Chosen links

Links - 5th September 2021

Agile as trauma

The Agile Manifesto is an immune response on the part of programmers to bad management. The document is an expression of trauma, and its intellectual descendants continue to carry this baggage. While the Agile era has brought about remarkable advancements in project management techniques and development tools, it remains a tactical, technical, and ultimately reactionary movement. As long as Agile remains in this position it will be liable to backfire, vulnerable to the very depredations of bad management it had initially evolved to counter.

Partitioning use cases with PostgreSQL

To determine the best execution plan, Postgres makes decisions based on statistics. They are obtained from a sample of the table (the default_statistic_target which is 100 by default).

By default, postgres will collect 300 × default_statistic_target rows, that is 30 000 rows. With a table of several hundred million rows, this sample is sometimes too small.

We can drastically increase the sample size, but this approach has some drawbacks:

  • It increases the planning time

  • It makes the ANALYZE more heavy.

  • Sometimes it is not enough if the data are not well distributed.

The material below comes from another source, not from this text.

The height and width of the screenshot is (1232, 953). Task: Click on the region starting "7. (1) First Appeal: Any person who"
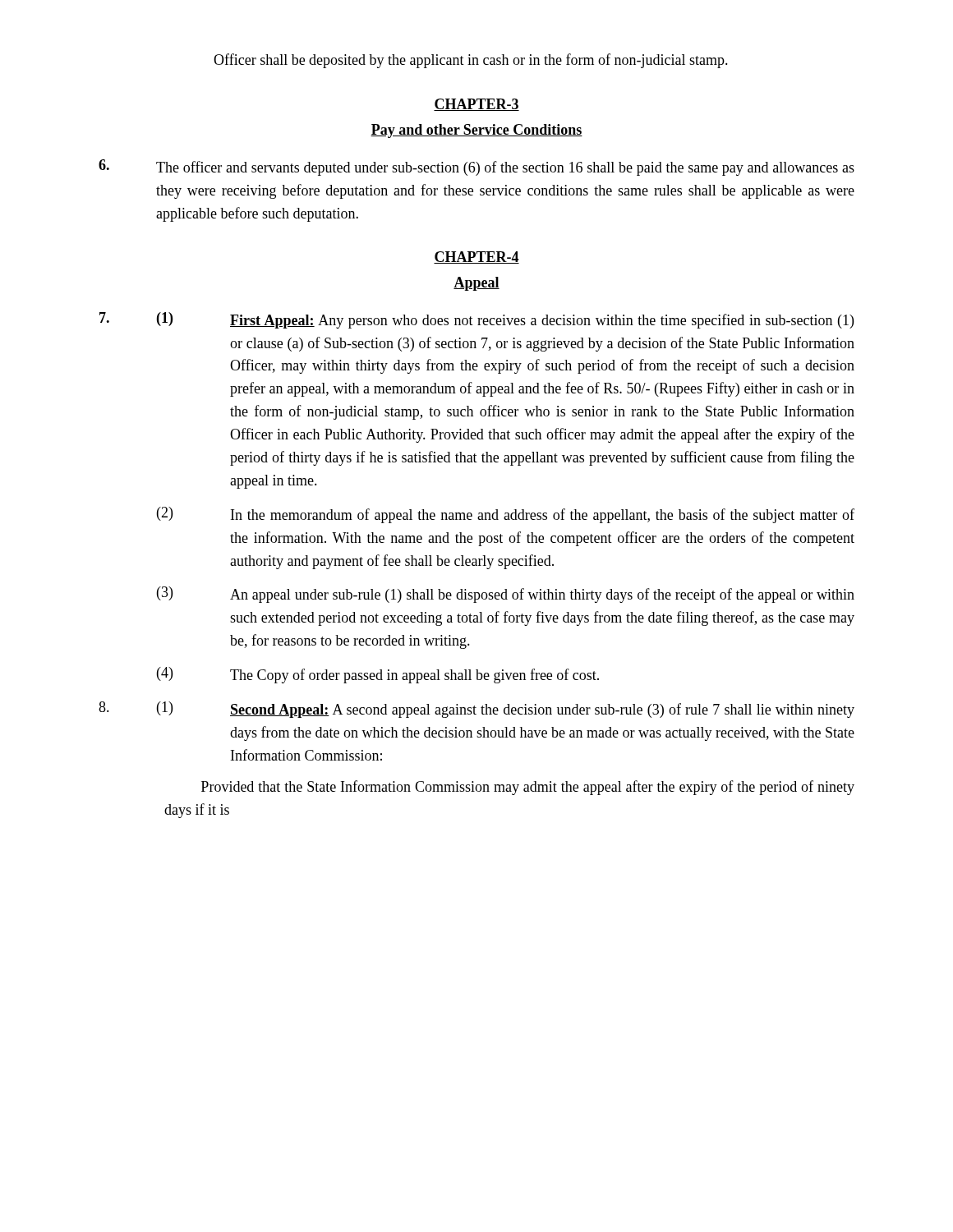click(476, 401)

For example, if you take a few hundred thousand rows from a table with several hundred million rows, you may miss the rows that are in delivery status.

With partitioning, we could have the same sample but per partition, which allows us to increase the accuracy.

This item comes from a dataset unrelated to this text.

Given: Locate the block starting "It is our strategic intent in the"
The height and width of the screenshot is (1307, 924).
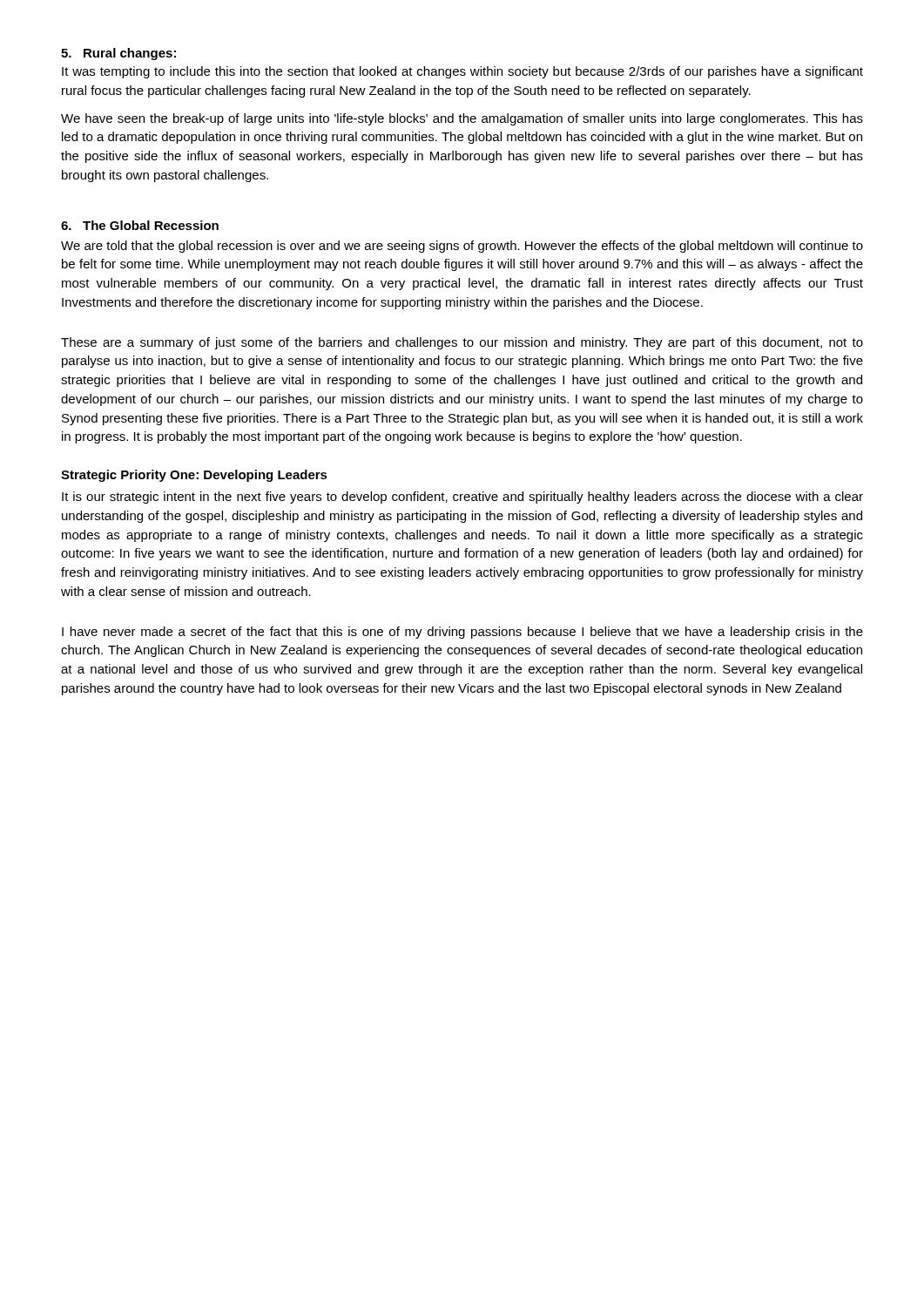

This would also be useful when we have correlated data between columns. I will take the example of orders. We have a whole year’s worth of orders: all the orders that are more than one month old are delivered, those of the last month are 90% delivered (10% are in progress).

Intuitively, if I look for an order in progress more than 6 months ago, I should not get any result. On the other hand, if I search for orders in progress for the last month, I should get 10% of the table. But postgres doesn’t know that, for it, the orders in progress are spread over the whole table.

With a partitioning by date, it can estimate that there are no orders in progress for deliveries of more than one month. This approach is mainly used to reduce an estimation error in an execution plan.

Devious SQL: Message Queuing Using Native PostgreSQL

Hmm, let’s think. The DELETE statement is able to return data to us as if it were a SELECT statement via the RETURNING clause, however DELETE lacks a LIMIT clause, nor can we take row locks on it explicitly. That said, we can use the USING clause to join to itself and get both limits and row locks. This gives us a final query as follows:

DELETE FROM
    queue_table
USING (
    SELECT * FROM queue_table
    LIMIT 10
    FOR UPDATE
    SKIP LOCKED
) q
WHERE q.id = queue_table.id
RETURNING queue_table.*;

We are using the self-join method of deletion here with a subquery to both lock the underlying rows being returned, as well as deleting the rows and returning all values for the set of rows as if this were an original SELECT statement.

Writing, technically

I feel like the idea that you can write software that’s so clear, that it doesn’t need any documentation, hinges upon some delusion about how clean you can make the abstractions. I think you can always fantasize about having an extremely fancy type system which would capture more of the properties. People work on type systems that capture performance characteristics so you could know some upper bound on the asymptotic complexity of the operations, just by the type signature. But that really is a fantasy. There are no realistic type systems that do a good job of this. And any type system that people use in a real language that actually is practical has quite severe limitations on its expressiveness, on how much it can tell you about what’s actually going on in the code.

If you write documentation that’s very full of examples and very detail-driven, it can be a real slog to get through. It can just be long. And there’s something lovely about documentation that just says the absolute minimal thing that an educated, or at least a particular kind of educated consumer wants in order to understand what’s going on. I often feel this way when I read the documentation about a new programming language or a new web framework or whatever. And I feel like I understand this space pretty well. If I talked to the right person, they could give me seven sentences and I would suddenly know exactly in what quadrant of the design space this thing was and how they’re approaching it. And I would immediately get a lot of knowledge very quickly and very efficiently. And it would be great for me, and for other people it would be utterly useless.